I imported and concatenated a couple of csv files. All of them contain the variable "prac_type" but the observations are listed in different ways. Some are strings (yes, no, unsure) while the others are numeric (1,2,3). Here is a look at the variable:
print(df.prac_type.unique())
[nan 1.0 2.0 3.0 '1' '2' 'Unsure']
But I just want 1.0 to merge into 1 (since they are representing the same thing), 2.0 to become 2, and 3.0 and unsure to become 3. I want my variable to be this:
print(df.prac_type.unique())
[ '1' '2' '3']
I tried doing this:
prac_dic = {'1.0': 1,'2.0': 2 , '3.0':3, 'Unsure':3}
df.prac_type = [prac_dic[item] for item in df.prac_type]

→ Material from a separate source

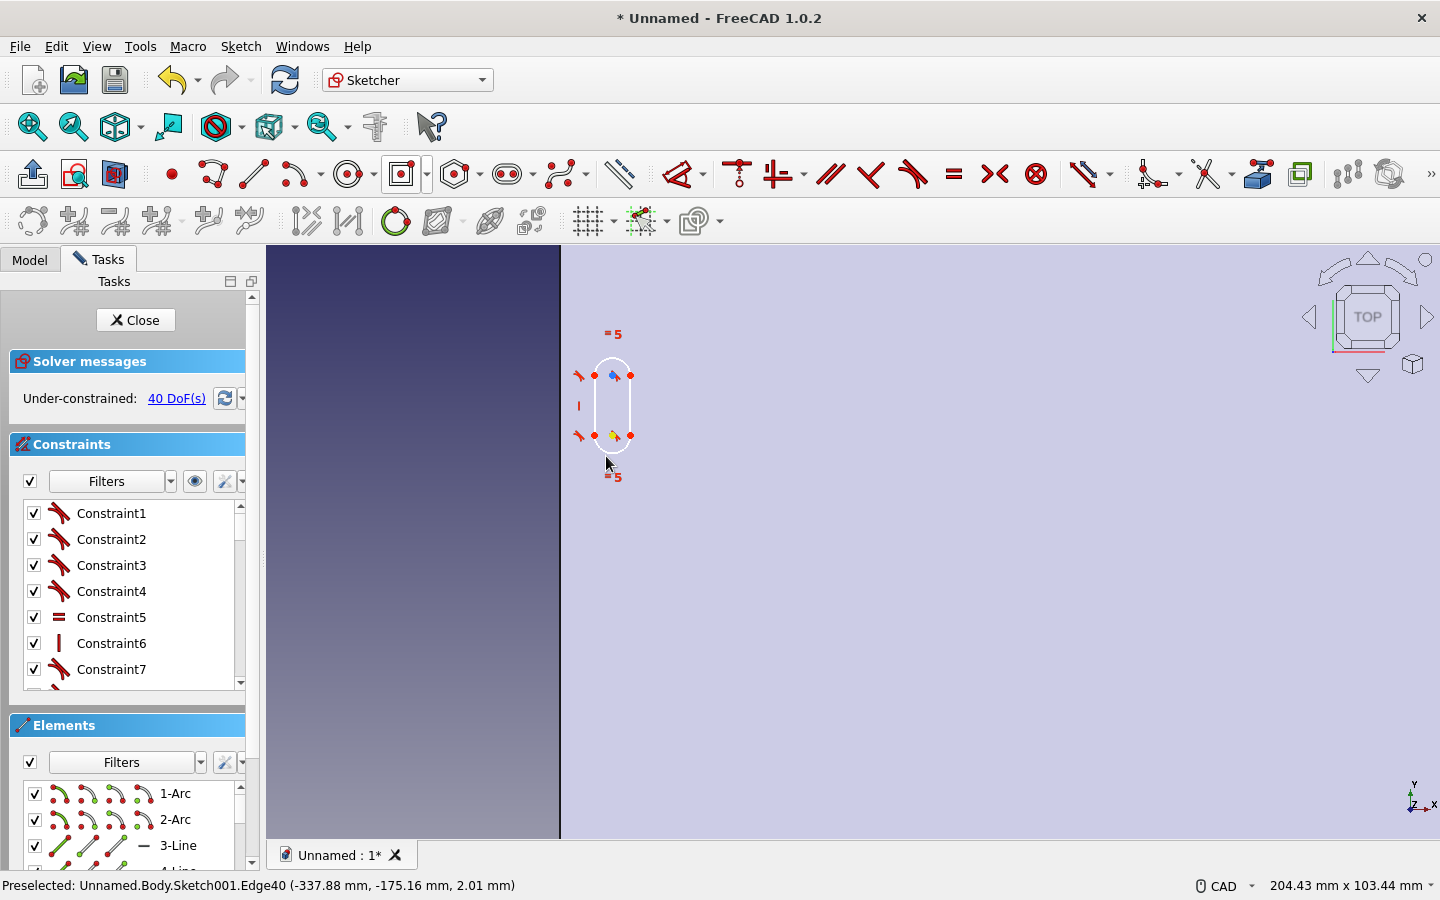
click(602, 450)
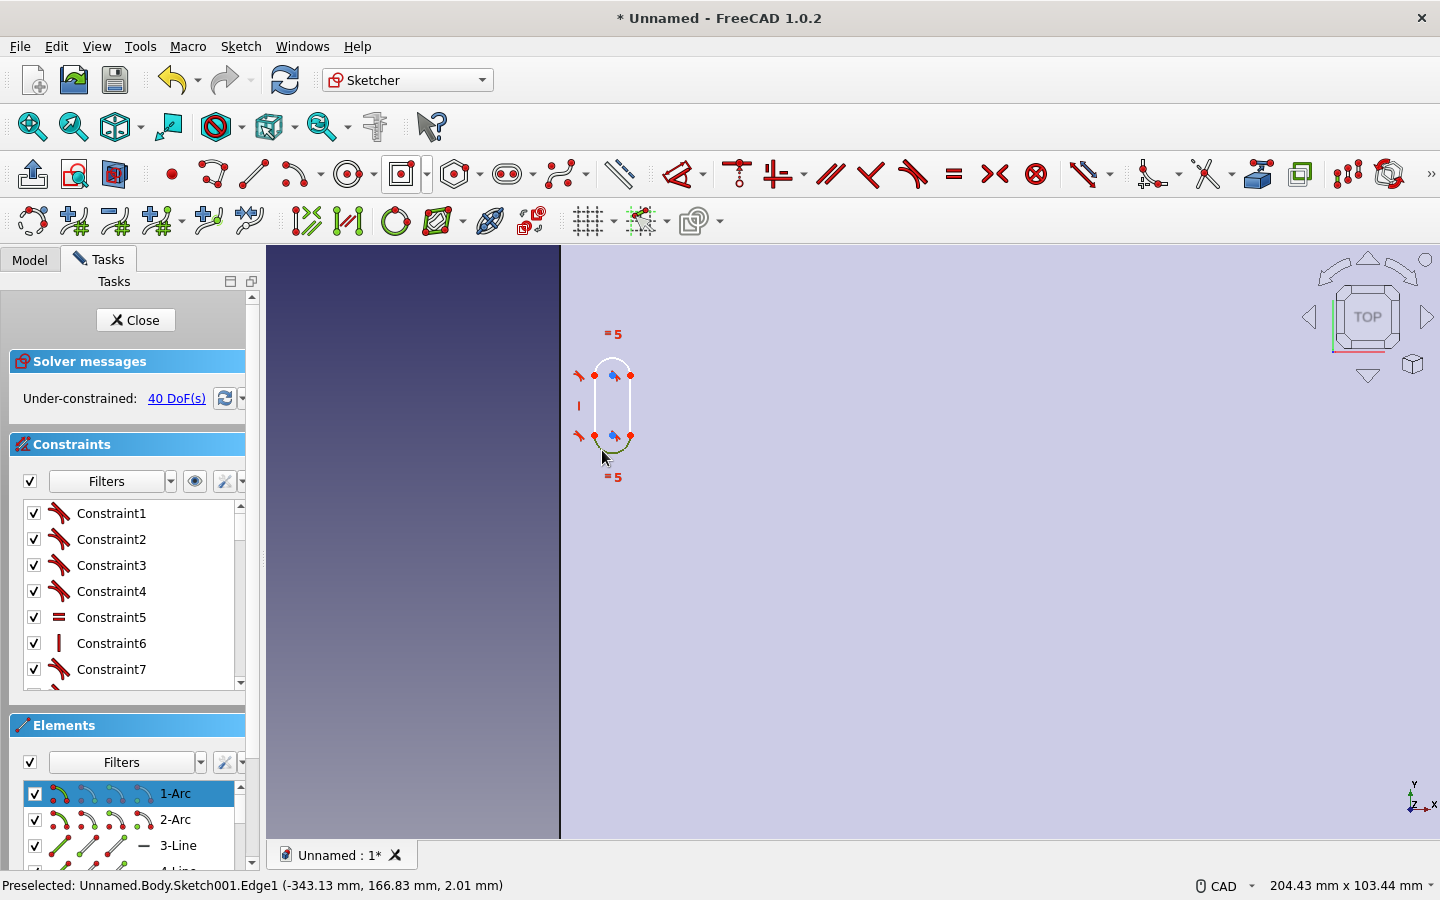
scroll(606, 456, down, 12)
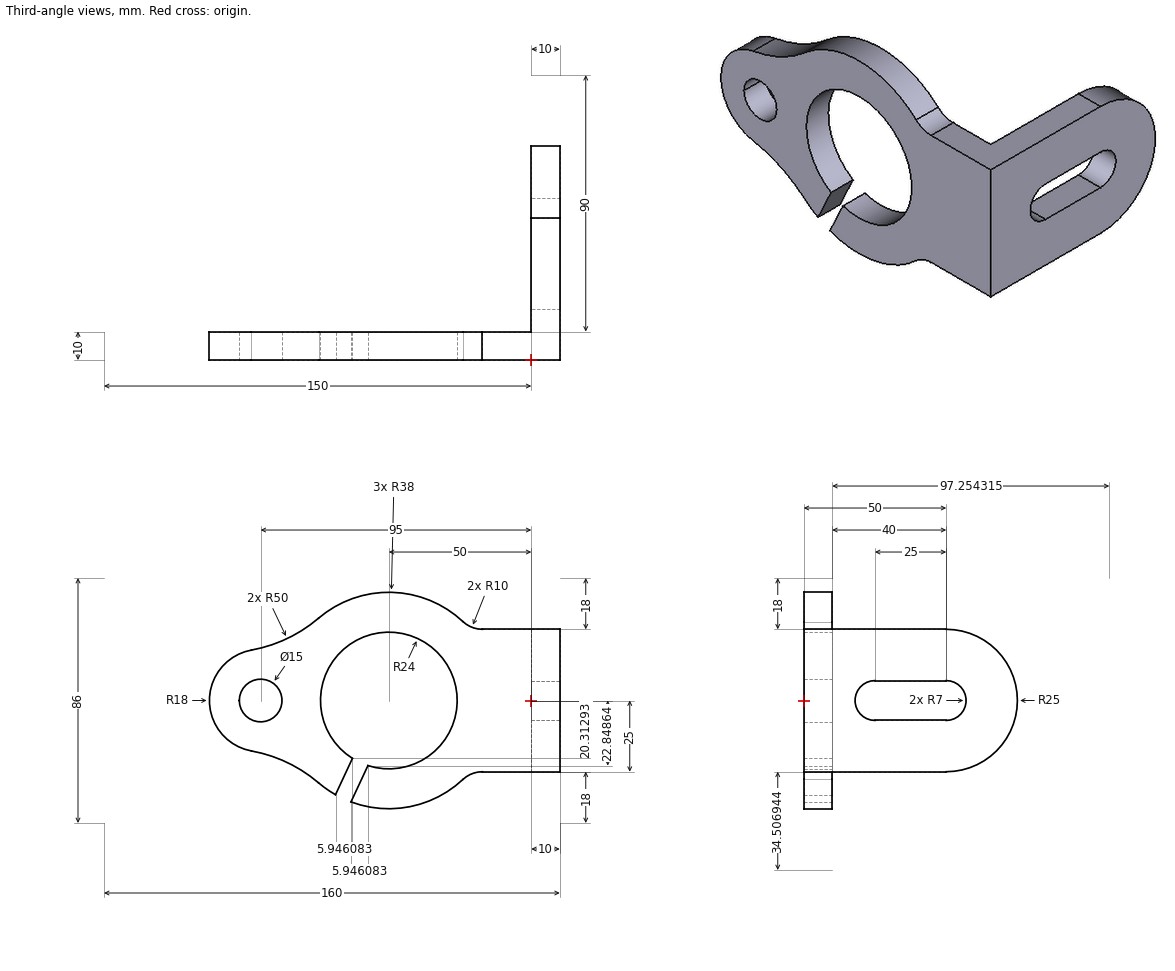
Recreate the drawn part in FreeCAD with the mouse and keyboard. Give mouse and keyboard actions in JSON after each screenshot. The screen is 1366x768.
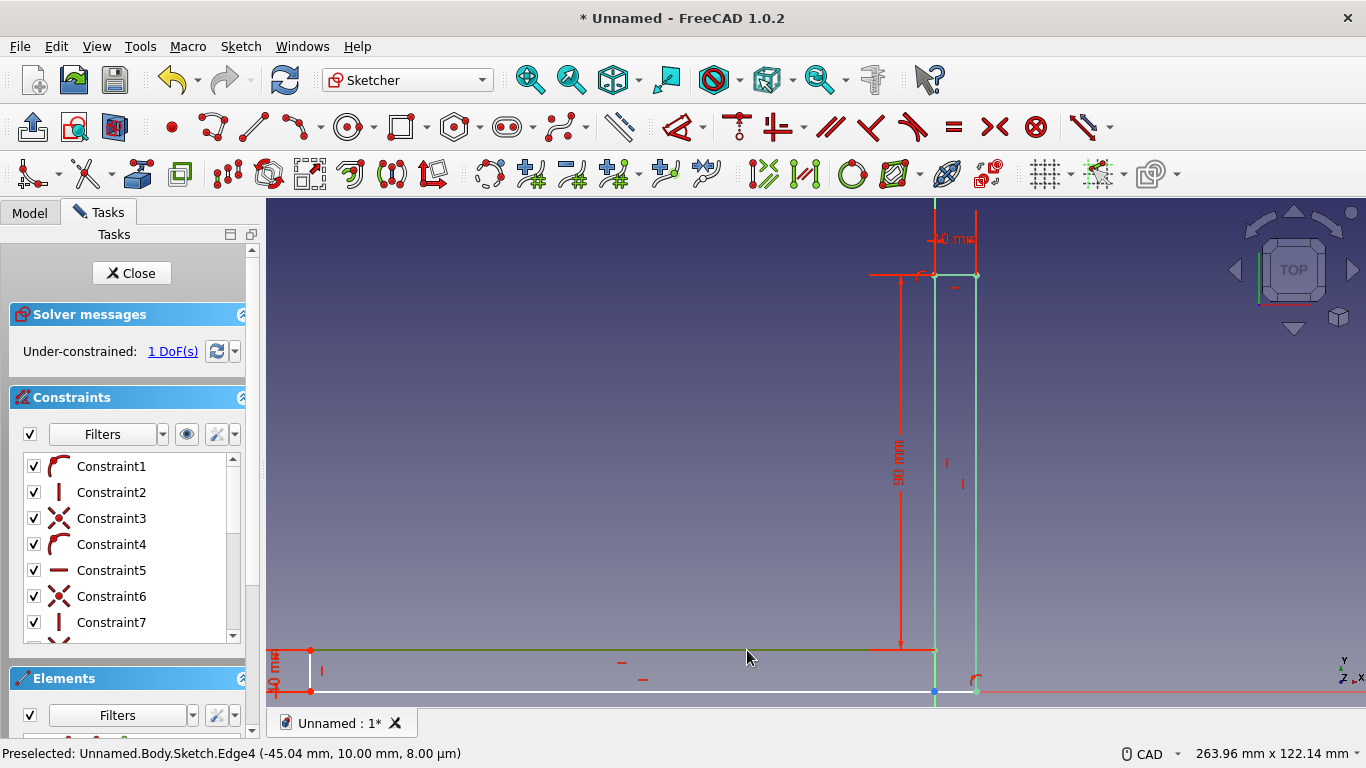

print(df.prac_type.unique())
But I get an error (KeyError: nan) because my variable prac_type has NaNs. I don't want to drop the NaNs though. So how can I get my code to ignore the missing values and reassign the values?
CodePudding user response:
Just add one special check on the nan value
df.prac_type = [prac_dic[item] if pandas.notnull(item) else np.nan for item in df.prac_type ]
https://pandas.pydata.org/docs/reference/api/pandas.isnull.html
CodePudding user response:
Try df.prac_type = [prac_dic.get(item) for item in df.prac_type]